Hollywood is bringing back the man of steel, and one thing we can count on (other than a new body-sculpted suit), is that kryptonite will still be the only thing that zaps him of his power. While the comic geeks have Superman, investors have Helicopter Ben and the Federal Reserve that's pumping $85 billion a month into the economy. But could it be the Fed has its own version of kryptonite that’s sapping its strength? Christopher Whalen of Carrington Investment Services seems to think so.
The benefits of the Fed’s quantitative easing (QE) program are being offset by regulation promulgated from Washington, Whalen says, and therefore nullifying its stimulative ability. “When you look at all the constraints on banks in terms of lending, it's just not being effective in terms of growing jobs, and the key thing is that even with say housing up 10% last year, there’s no credit growth,” Whalen notes. “In terms of a classical economic recovery, we’re not having that.”
The Fed’s plan of reflating assets like home prices in order to stimulate the economy (and thus job growth) is admirable, but according to Whalen regulations like Basel III and Dodd-Frank are stifling lending. This is because reform legislation discourages banks from making all but the least risky mortgage loans.
In fact, Whalen notes that estimates for new loan originations in the U.S. mortgage market are in a precipitous decline; falling from $1.7 trillion in 2012 to $1.4 trillion in 2013, and perhaps below $1 trillion next year. Major home mortgage originators like JPMorgan Chase ( JPM) and Wells Fargo ( WFC) will likely take a hit from this decreased volume.
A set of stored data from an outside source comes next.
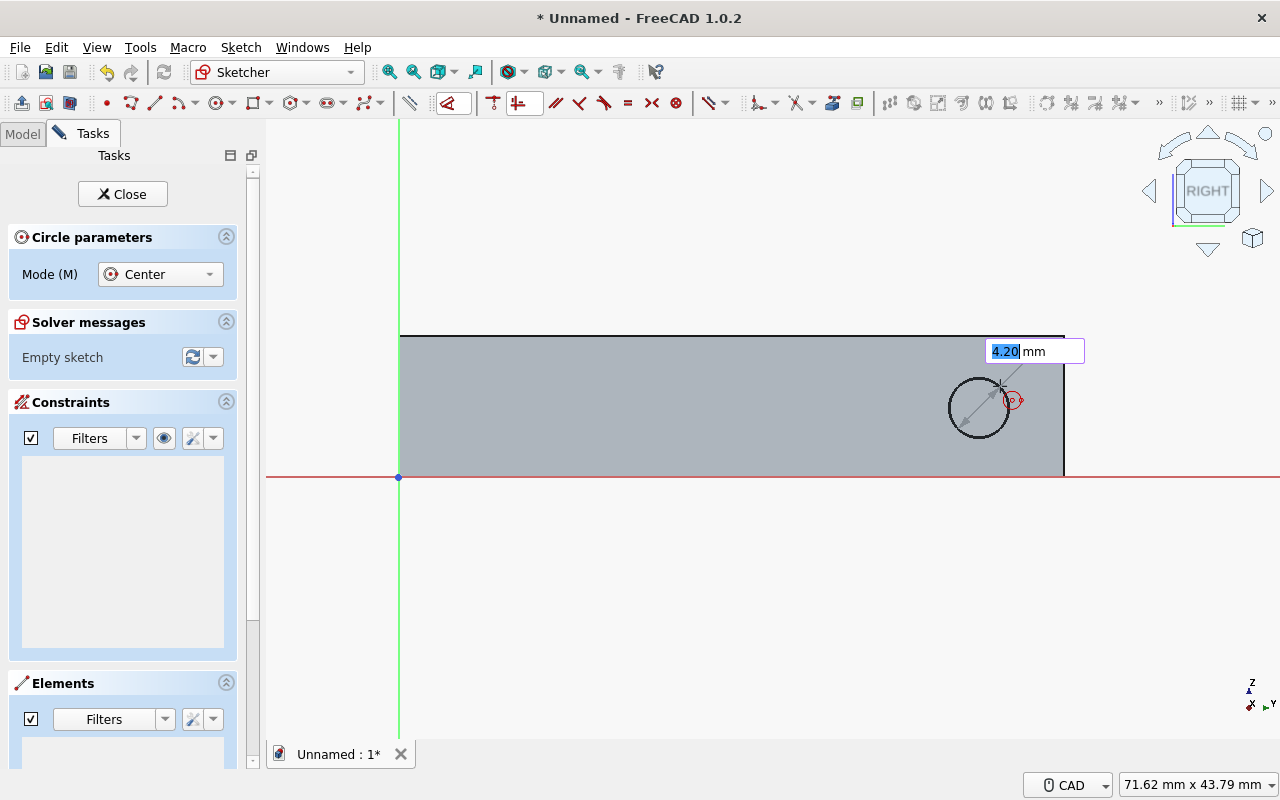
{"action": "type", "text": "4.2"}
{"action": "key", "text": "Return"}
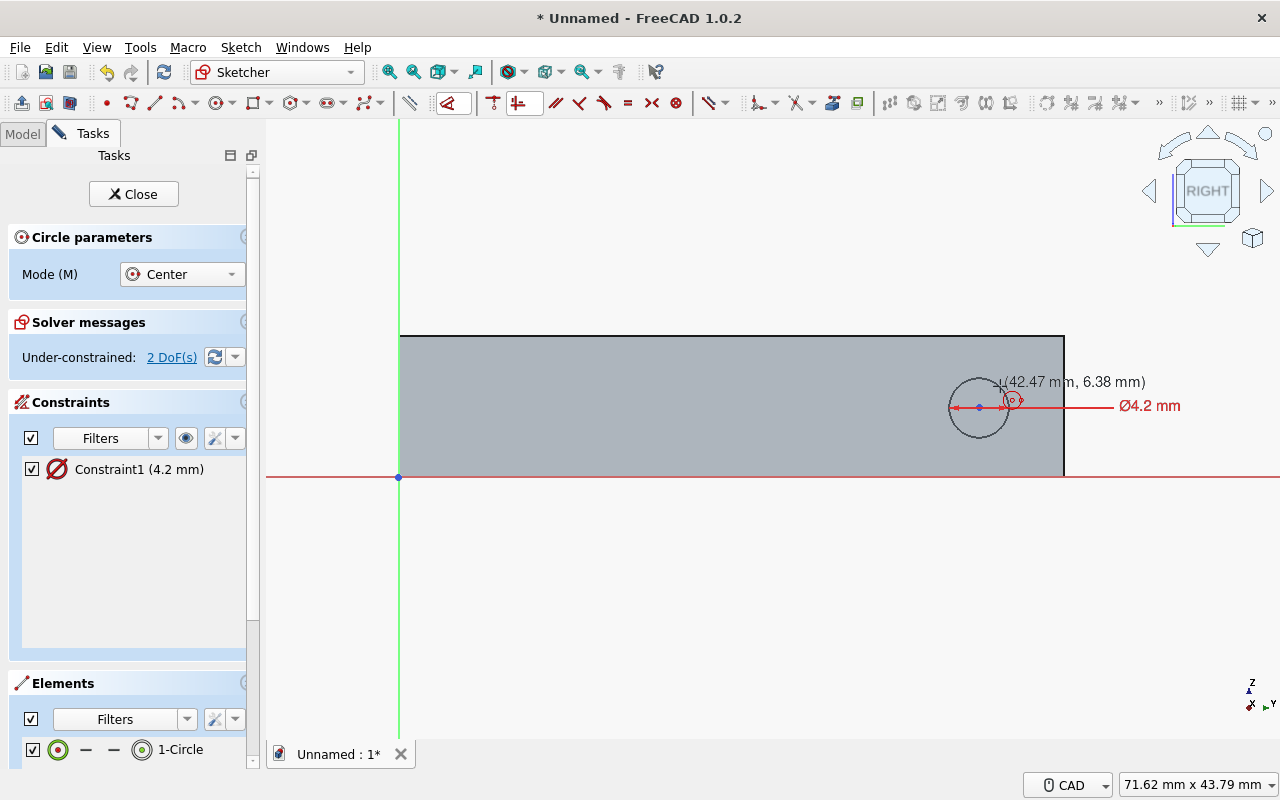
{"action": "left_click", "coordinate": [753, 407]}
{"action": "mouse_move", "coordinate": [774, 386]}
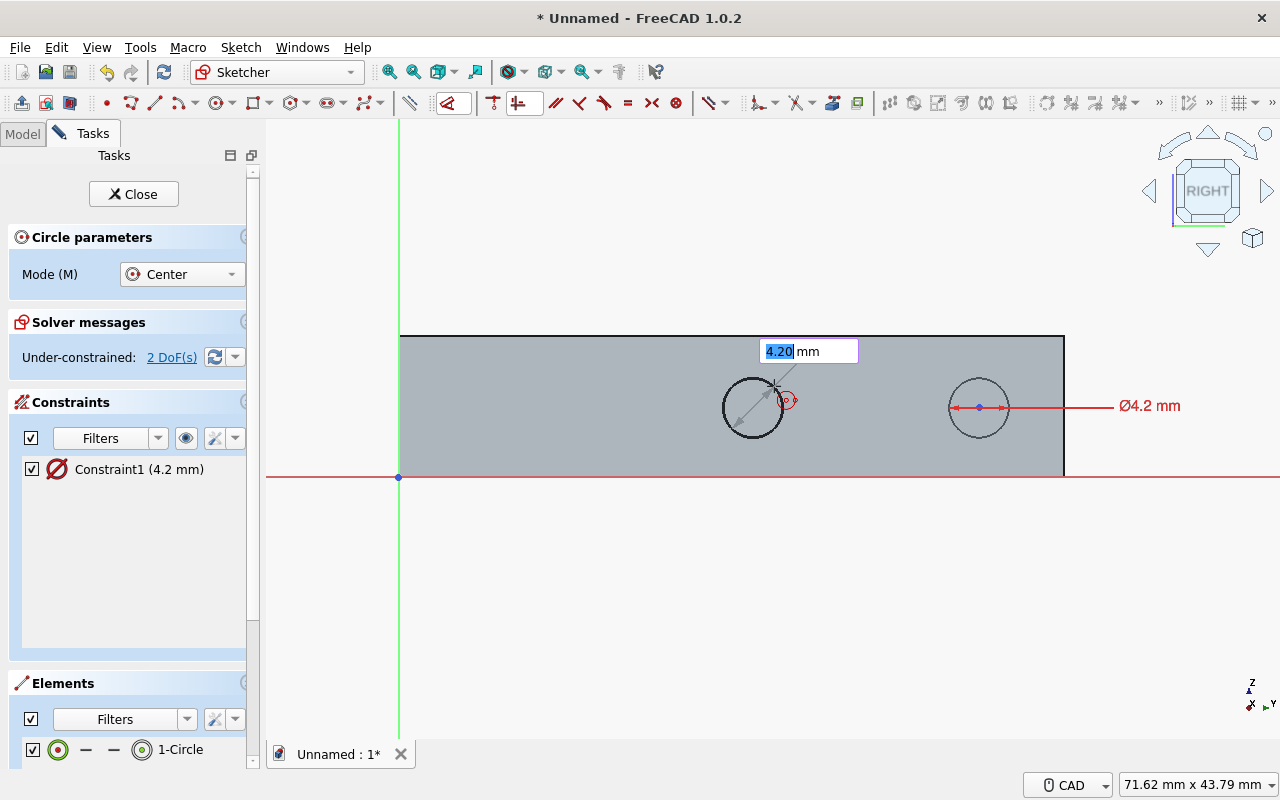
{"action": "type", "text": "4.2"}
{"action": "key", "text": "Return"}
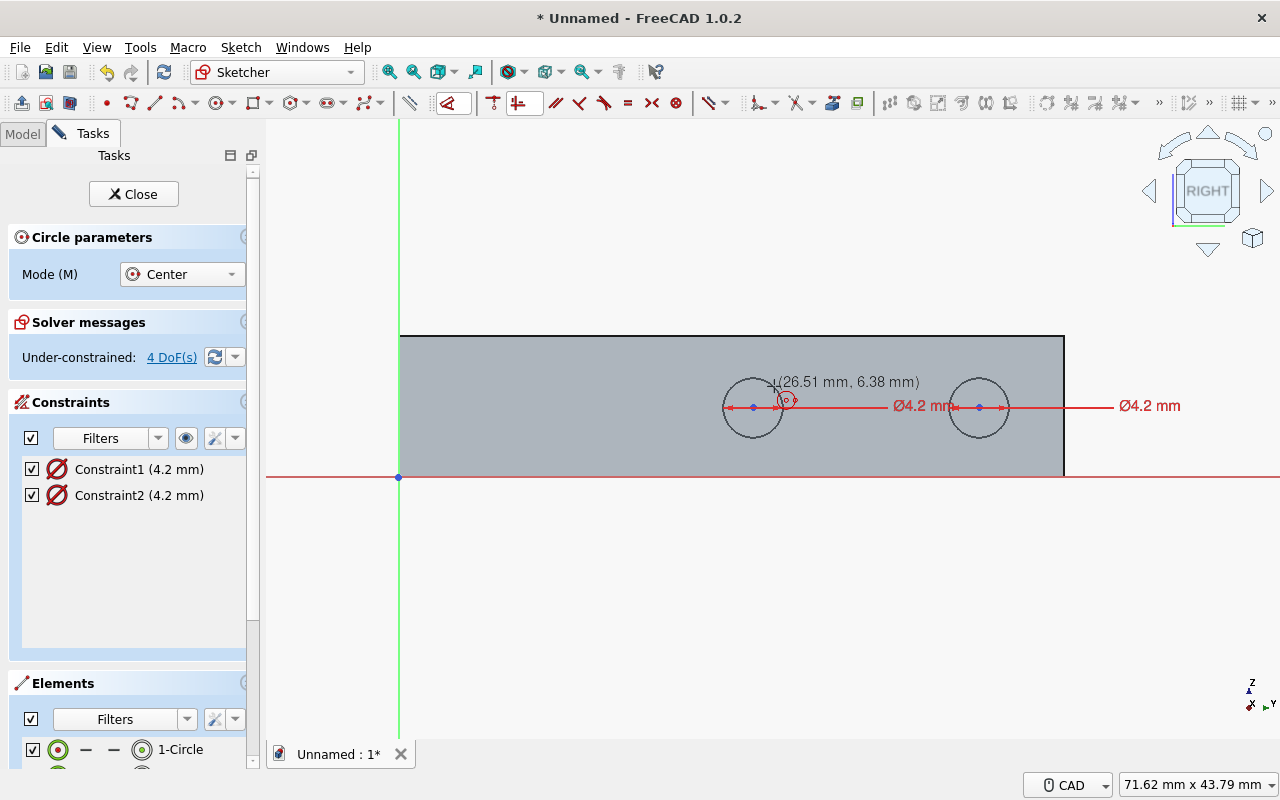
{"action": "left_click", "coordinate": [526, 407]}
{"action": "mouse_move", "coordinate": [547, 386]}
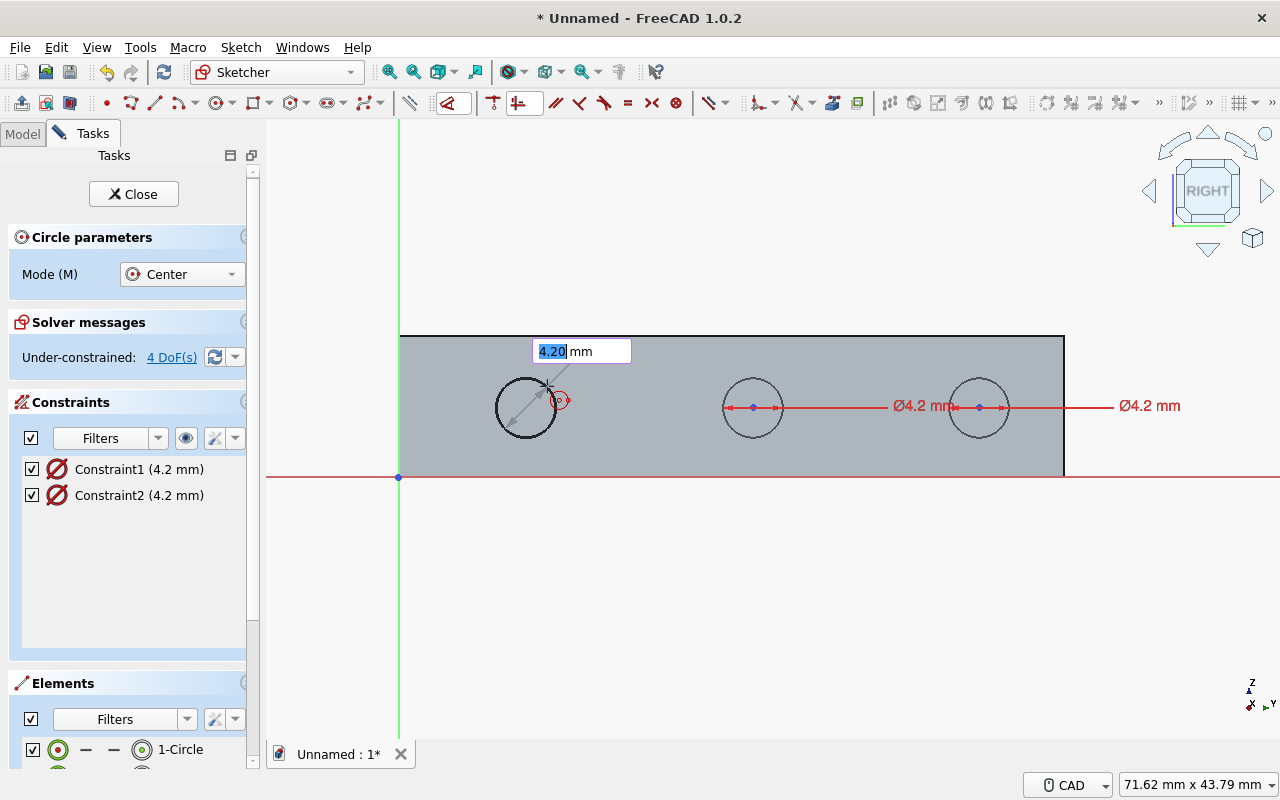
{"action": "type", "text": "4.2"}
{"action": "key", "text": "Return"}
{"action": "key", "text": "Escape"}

To make matters worse, the Fed’s extended ultra low rate policy is hurting savers, as “QE is actually driving deflation now because we’ve gotten past the point where cheap funds are net-net helpful… because we’re constraining consumption,” Whalen says. “There was a time when QE in terms of the net effects early on was a benefit… but now we're at the point where QE is really starting to hurt savers particularly, and I think that’s a drag on the economy.”
Since regulation is here to stay, Whalen advocates that the Fed hike rates up a bit in the short term in order to get assets repriced from such low rates, which would help banks, investors and retirees who depend on interest income. It will take time to get housing, and thus the economy, back to normal, though.
“We’ve put so much friction in the system, to expect a classical recovery is almost unreasonable," Whalen concludes.